We need Nature. It plays an essential role in providing clean air and clean water, protecting against storms and sea level rise, regulating our climate, and ensuring sustainable, nourishing food. The Aichi Targets are a critical milestone for achieving the Sustainable Development Goals by 2030 and the Paris Agreement’s climate goals by 2050. There is no time to lose. Countries, companies and communities need to double down on investing in Nature for all of the priceable and priceless goods and services it provides.

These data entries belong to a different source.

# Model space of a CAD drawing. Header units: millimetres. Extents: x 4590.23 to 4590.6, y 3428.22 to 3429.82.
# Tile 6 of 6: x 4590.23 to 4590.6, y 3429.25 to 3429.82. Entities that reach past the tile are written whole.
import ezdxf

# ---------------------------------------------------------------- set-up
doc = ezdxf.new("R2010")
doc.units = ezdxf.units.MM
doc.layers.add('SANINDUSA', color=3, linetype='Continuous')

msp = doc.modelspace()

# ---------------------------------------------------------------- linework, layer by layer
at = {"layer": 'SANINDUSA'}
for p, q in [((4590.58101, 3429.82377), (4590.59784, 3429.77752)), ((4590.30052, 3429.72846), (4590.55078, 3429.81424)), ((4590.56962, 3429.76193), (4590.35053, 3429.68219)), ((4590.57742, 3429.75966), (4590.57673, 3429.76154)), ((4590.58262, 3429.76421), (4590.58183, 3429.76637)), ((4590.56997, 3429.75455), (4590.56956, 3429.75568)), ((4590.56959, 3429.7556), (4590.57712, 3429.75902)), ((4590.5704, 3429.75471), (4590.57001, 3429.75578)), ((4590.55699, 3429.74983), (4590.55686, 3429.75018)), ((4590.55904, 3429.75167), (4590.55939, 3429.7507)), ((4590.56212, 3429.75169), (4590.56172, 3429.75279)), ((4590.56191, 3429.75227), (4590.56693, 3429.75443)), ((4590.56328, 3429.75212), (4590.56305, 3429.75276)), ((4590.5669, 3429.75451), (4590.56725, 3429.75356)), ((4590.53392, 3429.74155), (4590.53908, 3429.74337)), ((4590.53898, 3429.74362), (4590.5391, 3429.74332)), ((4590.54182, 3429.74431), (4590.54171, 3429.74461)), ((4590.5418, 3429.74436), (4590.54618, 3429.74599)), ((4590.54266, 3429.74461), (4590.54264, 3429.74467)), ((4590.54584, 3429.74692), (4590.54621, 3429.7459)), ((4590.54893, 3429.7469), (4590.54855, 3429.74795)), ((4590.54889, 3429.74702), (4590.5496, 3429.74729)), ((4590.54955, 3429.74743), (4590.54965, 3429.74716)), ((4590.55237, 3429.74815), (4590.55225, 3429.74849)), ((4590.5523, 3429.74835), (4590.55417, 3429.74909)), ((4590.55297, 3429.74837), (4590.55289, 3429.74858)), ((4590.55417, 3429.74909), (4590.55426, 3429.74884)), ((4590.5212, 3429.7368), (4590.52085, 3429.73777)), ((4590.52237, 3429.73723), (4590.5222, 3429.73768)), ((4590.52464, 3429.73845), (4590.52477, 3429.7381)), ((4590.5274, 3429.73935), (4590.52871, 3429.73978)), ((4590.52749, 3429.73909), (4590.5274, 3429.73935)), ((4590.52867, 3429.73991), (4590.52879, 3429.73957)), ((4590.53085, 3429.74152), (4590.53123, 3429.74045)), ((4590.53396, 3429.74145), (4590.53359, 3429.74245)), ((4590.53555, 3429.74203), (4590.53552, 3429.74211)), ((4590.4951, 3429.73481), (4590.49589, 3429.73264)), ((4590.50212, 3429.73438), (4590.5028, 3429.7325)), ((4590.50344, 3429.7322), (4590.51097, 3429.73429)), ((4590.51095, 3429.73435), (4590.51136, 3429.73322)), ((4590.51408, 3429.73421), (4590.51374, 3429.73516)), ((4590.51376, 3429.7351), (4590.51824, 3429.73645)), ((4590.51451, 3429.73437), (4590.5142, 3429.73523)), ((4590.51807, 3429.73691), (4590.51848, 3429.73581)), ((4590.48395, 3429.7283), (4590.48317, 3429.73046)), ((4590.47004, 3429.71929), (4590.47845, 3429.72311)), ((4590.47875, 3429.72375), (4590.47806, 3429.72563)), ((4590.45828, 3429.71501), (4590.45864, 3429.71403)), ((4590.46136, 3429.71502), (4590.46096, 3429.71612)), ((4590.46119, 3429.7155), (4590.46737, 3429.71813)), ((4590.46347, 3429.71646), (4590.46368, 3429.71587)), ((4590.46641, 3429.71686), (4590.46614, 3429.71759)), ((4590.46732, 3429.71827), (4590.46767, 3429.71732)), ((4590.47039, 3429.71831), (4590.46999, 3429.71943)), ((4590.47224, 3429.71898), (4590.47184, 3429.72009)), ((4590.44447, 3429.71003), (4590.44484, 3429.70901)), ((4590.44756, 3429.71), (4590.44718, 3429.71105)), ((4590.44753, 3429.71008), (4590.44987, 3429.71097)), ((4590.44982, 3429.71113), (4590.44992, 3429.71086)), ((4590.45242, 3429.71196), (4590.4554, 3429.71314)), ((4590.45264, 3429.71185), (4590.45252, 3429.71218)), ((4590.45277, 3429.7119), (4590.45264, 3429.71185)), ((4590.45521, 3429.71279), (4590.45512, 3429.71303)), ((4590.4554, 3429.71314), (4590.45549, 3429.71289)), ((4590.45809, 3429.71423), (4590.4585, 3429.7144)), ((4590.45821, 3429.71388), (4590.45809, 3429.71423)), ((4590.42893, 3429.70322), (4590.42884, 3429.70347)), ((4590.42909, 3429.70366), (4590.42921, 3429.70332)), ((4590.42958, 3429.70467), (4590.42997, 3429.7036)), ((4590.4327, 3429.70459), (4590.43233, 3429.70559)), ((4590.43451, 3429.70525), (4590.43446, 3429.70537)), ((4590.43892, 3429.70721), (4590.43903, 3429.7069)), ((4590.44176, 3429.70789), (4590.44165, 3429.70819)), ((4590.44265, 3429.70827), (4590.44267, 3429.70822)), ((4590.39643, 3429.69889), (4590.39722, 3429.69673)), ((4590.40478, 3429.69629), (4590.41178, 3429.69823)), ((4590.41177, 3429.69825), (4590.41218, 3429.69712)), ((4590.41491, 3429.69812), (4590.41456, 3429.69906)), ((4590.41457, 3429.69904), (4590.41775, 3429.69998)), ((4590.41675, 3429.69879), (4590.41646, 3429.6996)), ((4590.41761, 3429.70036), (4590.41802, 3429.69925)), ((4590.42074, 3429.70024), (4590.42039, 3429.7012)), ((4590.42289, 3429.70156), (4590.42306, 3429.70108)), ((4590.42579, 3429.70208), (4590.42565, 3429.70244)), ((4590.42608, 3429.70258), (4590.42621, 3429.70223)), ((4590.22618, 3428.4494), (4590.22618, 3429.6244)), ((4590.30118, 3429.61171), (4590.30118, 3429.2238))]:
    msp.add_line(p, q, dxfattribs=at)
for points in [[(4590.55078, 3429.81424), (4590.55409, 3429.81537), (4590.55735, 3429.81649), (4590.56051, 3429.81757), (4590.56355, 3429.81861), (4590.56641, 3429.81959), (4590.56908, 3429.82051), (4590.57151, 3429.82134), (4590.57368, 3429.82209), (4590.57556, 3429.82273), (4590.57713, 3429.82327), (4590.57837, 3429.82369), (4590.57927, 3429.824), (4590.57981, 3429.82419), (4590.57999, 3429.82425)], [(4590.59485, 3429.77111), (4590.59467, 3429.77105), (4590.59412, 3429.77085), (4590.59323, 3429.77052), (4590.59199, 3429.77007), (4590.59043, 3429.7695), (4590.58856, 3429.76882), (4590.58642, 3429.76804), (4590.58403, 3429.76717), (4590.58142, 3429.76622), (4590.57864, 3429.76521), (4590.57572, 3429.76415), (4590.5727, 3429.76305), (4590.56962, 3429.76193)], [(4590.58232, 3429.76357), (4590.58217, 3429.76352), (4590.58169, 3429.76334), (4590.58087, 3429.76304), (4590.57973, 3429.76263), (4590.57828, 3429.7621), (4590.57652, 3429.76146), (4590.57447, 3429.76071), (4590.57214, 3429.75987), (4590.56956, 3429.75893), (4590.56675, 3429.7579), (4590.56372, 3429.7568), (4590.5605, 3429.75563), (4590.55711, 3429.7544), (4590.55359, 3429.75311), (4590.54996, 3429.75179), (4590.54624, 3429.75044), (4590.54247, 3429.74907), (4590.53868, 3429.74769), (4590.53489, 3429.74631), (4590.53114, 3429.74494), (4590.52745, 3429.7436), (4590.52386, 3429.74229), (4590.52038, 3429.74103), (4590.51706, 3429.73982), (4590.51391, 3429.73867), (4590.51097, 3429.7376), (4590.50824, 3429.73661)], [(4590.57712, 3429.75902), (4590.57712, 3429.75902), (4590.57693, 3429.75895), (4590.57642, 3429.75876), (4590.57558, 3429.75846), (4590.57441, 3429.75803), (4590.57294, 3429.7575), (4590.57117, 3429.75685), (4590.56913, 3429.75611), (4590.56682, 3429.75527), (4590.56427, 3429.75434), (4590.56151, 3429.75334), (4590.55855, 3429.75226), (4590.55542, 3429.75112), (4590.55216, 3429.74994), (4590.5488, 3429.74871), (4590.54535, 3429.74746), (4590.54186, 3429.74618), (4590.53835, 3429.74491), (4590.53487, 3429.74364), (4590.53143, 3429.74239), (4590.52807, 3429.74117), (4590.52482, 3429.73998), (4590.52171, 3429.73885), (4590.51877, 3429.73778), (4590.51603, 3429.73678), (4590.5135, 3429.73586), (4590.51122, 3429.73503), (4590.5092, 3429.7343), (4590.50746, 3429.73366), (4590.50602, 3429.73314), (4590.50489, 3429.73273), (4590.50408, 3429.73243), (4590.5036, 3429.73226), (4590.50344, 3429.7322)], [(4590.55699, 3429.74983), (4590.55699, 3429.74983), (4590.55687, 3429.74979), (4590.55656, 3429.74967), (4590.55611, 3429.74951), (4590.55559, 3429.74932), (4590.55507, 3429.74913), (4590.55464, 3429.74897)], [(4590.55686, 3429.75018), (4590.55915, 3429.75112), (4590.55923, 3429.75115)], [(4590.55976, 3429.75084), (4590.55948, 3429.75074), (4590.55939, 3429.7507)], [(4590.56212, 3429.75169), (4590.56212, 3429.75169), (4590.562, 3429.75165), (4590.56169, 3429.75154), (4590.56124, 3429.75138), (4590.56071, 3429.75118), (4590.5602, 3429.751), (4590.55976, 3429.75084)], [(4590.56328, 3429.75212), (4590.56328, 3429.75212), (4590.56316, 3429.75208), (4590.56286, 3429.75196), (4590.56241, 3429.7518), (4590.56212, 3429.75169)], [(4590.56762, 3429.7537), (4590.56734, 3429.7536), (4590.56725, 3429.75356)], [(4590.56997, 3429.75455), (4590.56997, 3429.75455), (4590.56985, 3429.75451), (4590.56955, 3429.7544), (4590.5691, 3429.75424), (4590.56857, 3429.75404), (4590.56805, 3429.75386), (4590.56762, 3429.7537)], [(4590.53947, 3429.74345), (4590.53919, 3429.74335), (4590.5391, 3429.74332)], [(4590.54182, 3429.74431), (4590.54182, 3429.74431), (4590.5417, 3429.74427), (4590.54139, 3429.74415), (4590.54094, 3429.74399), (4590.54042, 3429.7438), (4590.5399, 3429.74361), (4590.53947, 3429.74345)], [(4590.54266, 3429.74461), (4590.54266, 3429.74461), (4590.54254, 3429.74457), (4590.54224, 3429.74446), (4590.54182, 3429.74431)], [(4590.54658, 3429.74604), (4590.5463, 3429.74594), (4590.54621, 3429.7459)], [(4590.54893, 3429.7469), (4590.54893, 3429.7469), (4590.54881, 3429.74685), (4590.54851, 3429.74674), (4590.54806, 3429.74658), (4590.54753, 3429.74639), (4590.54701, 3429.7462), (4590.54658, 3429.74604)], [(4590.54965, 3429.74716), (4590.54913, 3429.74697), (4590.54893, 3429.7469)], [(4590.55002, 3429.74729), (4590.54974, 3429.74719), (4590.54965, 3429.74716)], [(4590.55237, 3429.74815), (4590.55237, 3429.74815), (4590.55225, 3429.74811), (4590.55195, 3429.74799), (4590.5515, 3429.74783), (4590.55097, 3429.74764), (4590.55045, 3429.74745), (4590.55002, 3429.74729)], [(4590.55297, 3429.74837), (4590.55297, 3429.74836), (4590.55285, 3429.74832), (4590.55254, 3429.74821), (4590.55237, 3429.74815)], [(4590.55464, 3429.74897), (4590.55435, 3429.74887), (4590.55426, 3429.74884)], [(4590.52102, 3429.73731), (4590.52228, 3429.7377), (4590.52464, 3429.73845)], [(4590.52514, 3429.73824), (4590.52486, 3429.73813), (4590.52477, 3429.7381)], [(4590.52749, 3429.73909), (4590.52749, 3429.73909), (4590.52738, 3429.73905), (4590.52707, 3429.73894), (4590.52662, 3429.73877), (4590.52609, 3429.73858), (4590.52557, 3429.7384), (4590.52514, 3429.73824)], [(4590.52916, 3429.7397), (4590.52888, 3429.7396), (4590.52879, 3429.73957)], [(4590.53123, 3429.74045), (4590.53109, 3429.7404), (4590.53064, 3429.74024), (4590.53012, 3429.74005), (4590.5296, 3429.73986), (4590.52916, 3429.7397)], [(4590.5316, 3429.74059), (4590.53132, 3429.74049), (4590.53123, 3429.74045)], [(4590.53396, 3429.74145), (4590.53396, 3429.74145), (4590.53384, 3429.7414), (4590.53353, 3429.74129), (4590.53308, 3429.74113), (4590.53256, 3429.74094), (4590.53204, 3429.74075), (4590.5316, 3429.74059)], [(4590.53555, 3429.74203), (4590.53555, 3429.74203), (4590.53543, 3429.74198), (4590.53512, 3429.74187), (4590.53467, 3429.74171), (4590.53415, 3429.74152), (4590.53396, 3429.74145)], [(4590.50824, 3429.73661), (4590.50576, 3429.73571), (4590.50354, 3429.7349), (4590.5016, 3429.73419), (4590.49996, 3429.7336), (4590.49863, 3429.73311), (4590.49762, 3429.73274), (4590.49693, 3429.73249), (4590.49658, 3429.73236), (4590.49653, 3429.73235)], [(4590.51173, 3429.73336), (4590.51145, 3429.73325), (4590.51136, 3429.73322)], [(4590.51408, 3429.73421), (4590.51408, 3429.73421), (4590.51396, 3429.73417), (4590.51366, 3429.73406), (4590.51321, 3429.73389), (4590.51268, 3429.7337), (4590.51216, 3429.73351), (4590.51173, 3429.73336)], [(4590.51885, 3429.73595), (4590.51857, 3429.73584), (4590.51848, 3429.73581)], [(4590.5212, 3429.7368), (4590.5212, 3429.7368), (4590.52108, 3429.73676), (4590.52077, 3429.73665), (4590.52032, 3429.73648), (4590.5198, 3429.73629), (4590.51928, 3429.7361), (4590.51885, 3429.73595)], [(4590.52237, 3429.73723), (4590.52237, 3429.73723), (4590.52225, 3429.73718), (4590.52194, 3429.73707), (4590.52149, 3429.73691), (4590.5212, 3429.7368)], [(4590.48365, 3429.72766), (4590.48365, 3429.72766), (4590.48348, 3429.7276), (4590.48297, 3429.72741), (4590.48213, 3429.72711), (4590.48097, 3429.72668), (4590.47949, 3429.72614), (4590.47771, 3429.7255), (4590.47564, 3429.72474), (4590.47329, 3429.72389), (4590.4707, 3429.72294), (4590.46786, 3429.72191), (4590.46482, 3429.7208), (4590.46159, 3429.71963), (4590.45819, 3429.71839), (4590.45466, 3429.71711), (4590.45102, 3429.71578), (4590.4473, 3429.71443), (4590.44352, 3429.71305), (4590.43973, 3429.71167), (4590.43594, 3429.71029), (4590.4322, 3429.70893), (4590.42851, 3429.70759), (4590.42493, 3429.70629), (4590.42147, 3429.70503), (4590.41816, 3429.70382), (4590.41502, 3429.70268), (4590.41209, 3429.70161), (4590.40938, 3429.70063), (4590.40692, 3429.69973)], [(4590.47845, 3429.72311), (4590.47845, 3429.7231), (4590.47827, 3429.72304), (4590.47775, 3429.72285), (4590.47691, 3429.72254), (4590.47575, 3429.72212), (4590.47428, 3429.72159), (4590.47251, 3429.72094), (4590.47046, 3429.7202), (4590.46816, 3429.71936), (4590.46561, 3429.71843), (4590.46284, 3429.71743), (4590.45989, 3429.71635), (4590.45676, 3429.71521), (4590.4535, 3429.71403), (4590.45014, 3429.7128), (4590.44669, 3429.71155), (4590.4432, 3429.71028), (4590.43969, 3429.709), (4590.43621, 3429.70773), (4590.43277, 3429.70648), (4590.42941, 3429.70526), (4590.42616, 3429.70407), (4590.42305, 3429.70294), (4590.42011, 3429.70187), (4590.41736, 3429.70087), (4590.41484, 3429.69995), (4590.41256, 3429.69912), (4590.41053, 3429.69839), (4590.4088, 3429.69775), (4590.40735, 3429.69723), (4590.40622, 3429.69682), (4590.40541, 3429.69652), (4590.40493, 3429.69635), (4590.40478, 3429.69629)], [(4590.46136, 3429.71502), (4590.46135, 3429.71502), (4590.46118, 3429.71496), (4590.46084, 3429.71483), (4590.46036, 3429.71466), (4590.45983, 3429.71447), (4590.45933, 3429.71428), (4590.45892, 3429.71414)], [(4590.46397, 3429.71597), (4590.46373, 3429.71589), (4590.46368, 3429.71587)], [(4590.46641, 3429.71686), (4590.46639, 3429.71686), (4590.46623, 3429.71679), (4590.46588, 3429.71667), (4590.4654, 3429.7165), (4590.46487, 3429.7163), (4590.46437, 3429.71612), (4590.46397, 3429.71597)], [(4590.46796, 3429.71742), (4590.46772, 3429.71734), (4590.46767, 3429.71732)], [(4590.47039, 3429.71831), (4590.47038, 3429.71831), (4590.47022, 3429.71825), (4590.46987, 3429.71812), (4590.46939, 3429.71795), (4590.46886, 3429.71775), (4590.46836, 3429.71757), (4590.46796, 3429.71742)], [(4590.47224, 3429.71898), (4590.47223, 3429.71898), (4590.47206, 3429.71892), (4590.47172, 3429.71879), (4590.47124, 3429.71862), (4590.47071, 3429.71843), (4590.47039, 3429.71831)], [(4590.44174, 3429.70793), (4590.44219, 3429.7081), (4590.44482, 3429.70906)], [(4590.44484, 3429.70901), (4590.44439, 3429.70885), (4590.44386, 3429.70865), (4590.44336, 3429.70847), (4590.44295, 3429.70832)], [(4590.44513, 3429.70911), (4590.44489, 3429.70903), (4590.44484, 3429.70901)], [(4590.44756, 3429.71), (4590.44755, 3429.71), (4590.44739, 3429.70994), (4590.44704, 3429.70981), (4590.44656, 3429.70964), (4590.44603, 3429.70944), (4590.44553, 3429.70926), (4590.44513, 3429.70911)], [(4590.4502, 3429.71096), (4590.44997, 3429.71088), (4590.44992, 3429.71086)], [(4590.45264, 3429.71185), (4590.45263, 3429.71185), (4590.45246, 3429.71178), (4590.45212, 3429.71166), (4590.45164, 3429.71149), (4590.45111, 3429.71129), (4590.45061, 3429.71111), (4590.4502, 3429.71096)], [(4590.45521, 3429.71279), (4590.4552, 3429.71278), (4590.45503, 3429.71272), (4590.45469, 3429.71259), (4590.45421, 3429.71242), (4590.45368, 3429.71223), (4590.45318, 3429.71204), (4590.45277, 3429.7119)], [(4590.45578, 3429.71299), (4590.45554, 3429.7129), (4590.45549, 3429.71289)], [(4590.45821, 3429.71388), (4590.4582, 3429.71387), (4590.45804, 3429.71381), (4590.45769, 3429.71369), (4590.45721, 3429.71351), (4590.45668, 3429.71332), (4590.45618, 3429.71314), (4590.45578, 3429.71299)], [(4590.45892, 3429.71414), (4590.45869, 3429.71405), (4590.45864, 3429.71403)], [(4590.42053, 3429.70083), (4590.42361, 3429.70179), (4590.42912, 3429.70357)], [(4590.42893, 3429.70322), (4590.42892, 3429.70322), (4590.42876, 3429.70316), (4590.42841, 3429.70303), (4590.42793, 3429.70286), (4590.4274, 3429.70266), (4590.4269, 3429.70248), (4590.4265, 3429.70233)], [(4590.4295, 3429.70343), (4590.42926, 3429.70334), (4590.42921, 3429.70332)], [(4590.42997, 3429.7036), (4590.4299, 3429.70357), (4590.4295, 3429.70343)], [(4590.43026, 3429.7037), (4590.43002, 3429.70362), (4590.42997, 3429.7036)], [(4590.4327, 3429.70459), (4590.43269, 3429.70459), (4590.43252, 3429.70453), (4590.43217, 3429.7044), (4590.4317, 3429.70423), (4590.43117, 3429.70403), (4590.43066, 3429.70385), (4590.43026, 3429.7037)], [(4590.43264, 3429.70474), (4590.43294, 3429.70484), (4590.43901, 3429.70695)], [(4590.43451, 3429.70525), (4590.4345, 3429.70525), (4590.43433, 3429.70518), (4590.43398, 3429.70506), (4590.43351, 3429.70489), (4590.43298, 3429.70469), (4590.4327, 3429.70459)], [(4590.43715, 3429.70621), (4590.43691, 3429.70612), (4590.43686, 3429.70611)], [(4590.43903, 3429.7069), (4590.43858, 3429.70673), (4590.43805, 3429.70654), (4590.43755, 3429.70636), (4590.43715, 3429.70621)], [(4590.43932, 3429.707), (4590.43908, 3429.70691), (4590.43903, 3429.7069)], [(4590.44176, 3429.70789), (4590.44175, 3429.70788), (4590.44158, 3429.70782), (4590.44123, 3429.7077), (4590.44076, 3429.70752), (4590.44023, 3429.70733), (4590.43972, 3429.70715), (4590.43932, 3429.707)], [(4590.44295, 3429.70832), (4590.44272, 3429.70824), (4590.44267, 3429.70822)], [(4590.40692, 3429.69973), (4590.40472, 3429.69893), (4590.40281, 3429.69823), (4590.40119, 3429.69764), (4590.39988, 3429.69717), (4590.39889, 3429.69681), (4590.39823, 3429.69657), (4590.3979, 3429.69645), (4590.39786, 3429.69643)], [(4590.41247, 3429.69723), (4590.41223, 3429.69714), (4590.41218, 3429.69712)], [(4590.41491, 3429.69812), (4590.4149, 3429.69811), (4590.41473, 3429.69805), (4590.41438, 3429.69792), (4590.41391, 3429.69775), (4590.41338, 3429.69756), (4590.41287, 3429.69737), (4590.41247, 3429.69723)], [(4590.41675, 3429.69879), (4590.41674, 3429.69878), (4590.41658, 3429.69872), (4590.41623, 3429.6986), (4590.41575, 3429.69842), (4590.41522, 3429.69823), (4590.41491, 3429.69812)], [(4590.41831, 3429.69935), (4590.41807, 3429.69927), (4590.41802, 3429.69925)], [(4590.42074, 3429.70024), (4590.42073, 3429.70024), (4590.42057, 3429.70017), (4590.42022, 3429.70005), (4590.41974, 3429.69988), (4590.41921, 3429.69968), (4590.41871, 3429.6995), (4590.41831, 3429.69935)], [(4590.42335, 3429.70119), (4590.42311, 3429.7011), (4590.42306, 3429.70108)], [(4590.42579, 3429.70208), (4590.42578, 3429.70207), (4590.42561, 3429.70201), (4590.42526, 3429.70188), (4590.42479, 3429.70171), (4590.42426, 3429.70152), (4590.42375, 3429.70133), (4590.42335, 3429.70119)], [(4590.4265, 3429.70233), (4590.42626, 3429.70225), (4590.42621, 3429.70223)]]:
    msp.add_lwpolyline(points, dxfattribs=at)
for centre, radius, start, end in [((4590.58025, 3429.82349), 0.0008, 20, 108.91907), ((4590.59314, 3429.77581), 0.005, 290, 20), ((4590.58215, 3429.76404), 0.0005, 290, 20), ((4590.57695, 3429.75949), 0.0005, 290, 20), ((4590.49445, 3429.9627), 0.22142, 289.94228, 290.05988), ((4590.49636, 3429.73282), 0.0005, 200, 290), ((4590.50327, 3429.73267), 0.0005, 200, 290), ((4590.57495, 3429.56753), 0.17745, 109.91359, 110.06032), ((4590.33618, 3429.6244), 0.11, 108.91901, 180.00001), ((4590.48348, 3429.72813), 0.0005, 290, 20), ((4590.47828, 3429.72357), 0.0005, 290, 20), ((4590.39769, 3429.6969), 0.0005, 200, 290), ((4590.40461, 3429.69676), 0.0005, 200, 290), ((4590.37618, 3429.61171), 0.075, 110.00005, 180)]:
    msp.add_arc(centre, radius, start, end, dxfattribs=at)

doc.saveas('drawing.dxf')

"Countries, companies and communities need to double down on investing in Nature."
- Andrew Deutz

Much of the thinking behind the development of the Aichi Targets suggested changes in government policy and the need to invest a lot more public resources in safeguarding biodiversity. While that is true, there are limits to the scalability of budgets of environment ministries and protected areas agencies. Real success will come from smart, market-enabling policies that create the right signals and incentives for private investment in Nature. The hottest topic in the side meetings here in Cancun is about innovative finance and how to make Nature investable.

We are seeing tangible progress towards three critical strategies: investing in natural infrastructure for the services it provides, greening corporate supply chains, and making conservation an asset class for private investors. Conversations here in Cancun and elsewhere cause me to be optimistic that we are close to critical tipping points on all three strategies. When those happen, investment in Nature can scale exponentially, meaning the SDG and Paris goals are still achievable, and striving towards the Aichi Targets will get us closer to those goals. But first, we still must get those smart policy enabling conditions in place.